Daniel Auteuil and Gerard Depardieu pay the bills in this stylish French police suspense movie. Their collective star power almost diverts from the fact that they’ve both eaten too much foie gras to play active, hard-edged policemen. There’s plenty of double-dealing and blurred moral boundaries, but the script sets up the dead bodies a little too obviously. Will there ever be a cop movie in which the officer who’s on the verge of retirement actually lives into his dotage? Or one in which the pretty wife of the hero doesn’t have a torrid time?
Even though this is pretty standard fare for these two stars, it’s still tighter and more dramatically interesting than similar Hollywood genre flicks. And given that 36 Quai des Orfèvres is the French equivalent of Scotland Yard, the filmmakers suggest that corruption and shady dealings are endemic even in the upper echelons of French law enforcement. It’s a smart movie, and delivers exactly the kind of thrills you expect.

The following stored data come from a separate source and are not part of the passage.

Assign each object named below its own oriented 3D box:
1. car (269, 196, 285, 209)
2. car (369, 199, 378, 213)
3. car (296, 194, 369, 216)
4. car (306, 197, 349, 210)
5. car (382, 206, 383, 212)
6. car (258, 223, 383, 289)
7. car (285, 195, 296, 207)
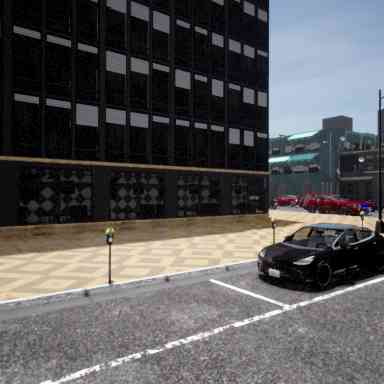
[{"bbox_3d":[8.097,1.173,39.422,1.837,1.490,4.892,0,1,-36],"label":"car"},{"bbox_3d":[14.236,1.322,31.052,1.812,1.442,4.674,0,1,-38],"label":"car"},{"bbox_3d":[12.272,1.101,29.376,2.192,1.841,5.009,1,0,-36],"label":"car"},{"bbox_3d":[15.740,1.341,38.805,1.802,1.307,4.206,1,0,-36],"label":"car"},{"bbox_3d":[19.022,1.372,34.336,1.887,1.381,4.507,1,0,-36],"label":"car"},{"bbox_3d":[3.743,1.566,9.222,4.313,1.339,1.947,0,0,-35],"label":"car"},{"bbox_3d":[12.459,1.130,43.278,1.967,1.590,4.097,1,0,-36],"label":"car"}]

The pairing of Auteuil and Depardieu is clearly a French attempt to emulate the De Niro & Pacino pairing of Heat or Righteous Kill, and although I understand exactly why they cast it that way I think the movie would have been dramatically stronger with a pair of leaner, hungrier actors.
If you live in a world in which you have a choice between this and, say, Righteous Kill, go for the French movie, you won’t regret it.